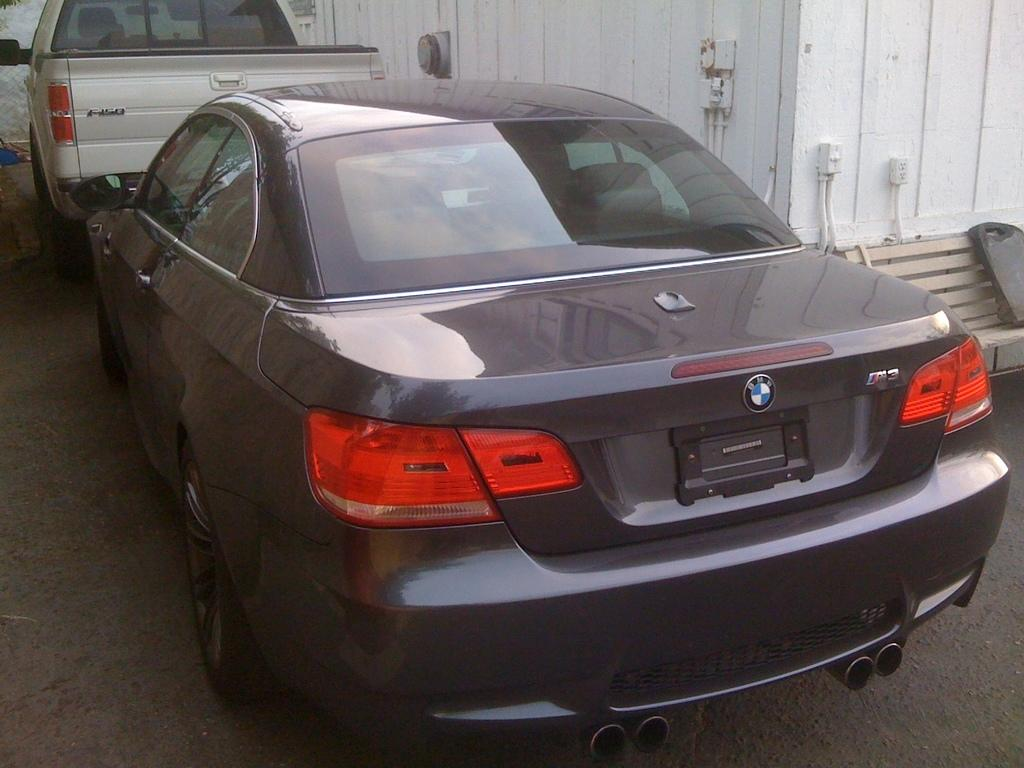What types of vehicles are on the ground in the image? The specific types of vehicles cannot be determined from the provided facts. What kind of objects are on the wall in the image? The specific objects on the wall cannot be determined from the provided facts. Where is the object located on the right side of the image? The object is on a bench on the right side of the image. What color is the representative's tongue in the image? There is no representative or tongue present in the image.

--

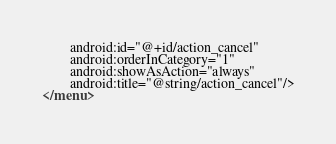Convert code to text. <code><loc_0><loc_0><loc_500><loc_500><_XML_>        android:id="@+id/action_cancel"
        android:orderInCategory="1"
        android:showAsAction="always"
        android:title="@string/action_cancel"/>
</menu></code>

◆ Task details ◆
Nothing outside the stretch above, from the line with "Convert code to" through the line with "</menu></code>", is set down. Transcribe that stretch exactly, ends included, but not its pictures.

◆ Result of the task ◆
Convert code to text. <code><loc_0><loc_0><loc_500><loc_500><_XML_>        android:id="@+id/action_cancel"
        android:orderInCategory="1"
        android:showAsAction="always"
        android:title="@string/action_cancel"/>
</menu></code>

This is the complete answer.